[Search for users]
[Overall Top Noters]
[List of all Conferences]
[Download this site]
Title: | -={ H A C K E R S }=- |
Notice: | Write locked - see NOTED::HACKERS |
Moderator: | DIEHRD::MORRIS |
|
Created: | Thu Feb 20 1986 |
Last Modified: | Mon Aug 03 1992 |
Last Successful Update: | Fri Jun 06 1997 |
Number of topics: | 680 |
Total number of notes: | 5456 |
647.0. "instruction stream tracing" by DECSIM::FARMER () Sun Jan 03 1988 17:25
I needed a way to trace an arbitrary instruction stream and
report the relative cost of the stream. So I put together a
package for public consumption. This method
- can be more accurate than putting code in a loop and timing it.

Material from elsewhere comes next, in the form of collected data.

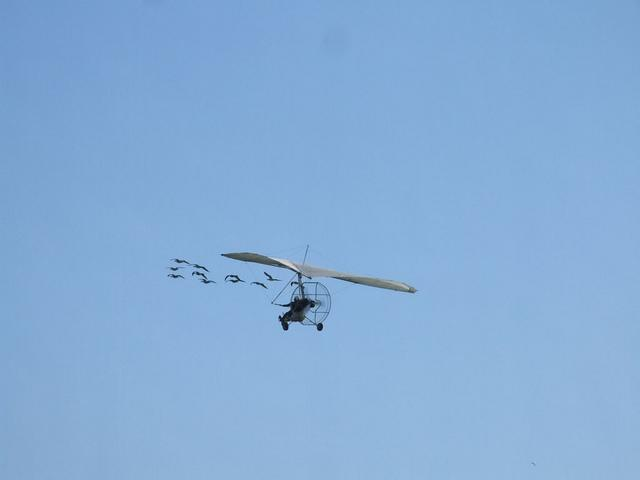Which object is/are in the greatest threat? Please explain your reasoning. birds. The birds could get in the way. 
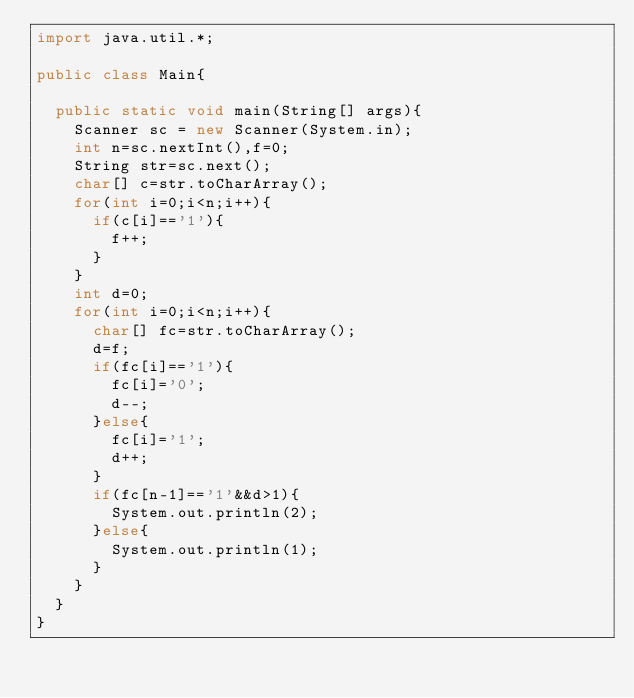Convert code to text. <code><loc_0><loc_0><loc_500><loc_500><_Java_>import java.util.*;

public class Main{
	
  public static void main(String[] args){
    Scanner sc = new Scanner(System.in);
  	int n=sc.nextInt(),f=0;
    String str=sc.next();
    char[] c=str.toCharArray();
    for(int i=0;i<n;i++){
      if(c[i]=='1'){
        f++;
      }
    }
    int d=0;
    for(int i=0;i<n;i++){
      char[] fc=str.toCharArray();
      d=f;
      if(fc[i]=='1'){
        fc[i]='0';
        d--;
      }else{
        fc[i]='1';
        d++;
      }
      if(fc[n-1]=='1'&&d>1){
        System.out.println(2);
      }else{
        System.out.println(1);
      }
    }
  }
}
</code>

- works across unmatched call/returns.
- finds the most expensive instructions in the stream.
- reports summary of instructions executed and how many times.
- reports estimated 8800 cycle counts.
but it
- won't count instructions executed in system space.
- only estimates on variable length instructions like MOVCx.
To use it, paste the following condition handler, ENABLE it,
and put a (BLISS BUILTIN) BPT instruction at the beginning and
the end of the execution stream you want to trace.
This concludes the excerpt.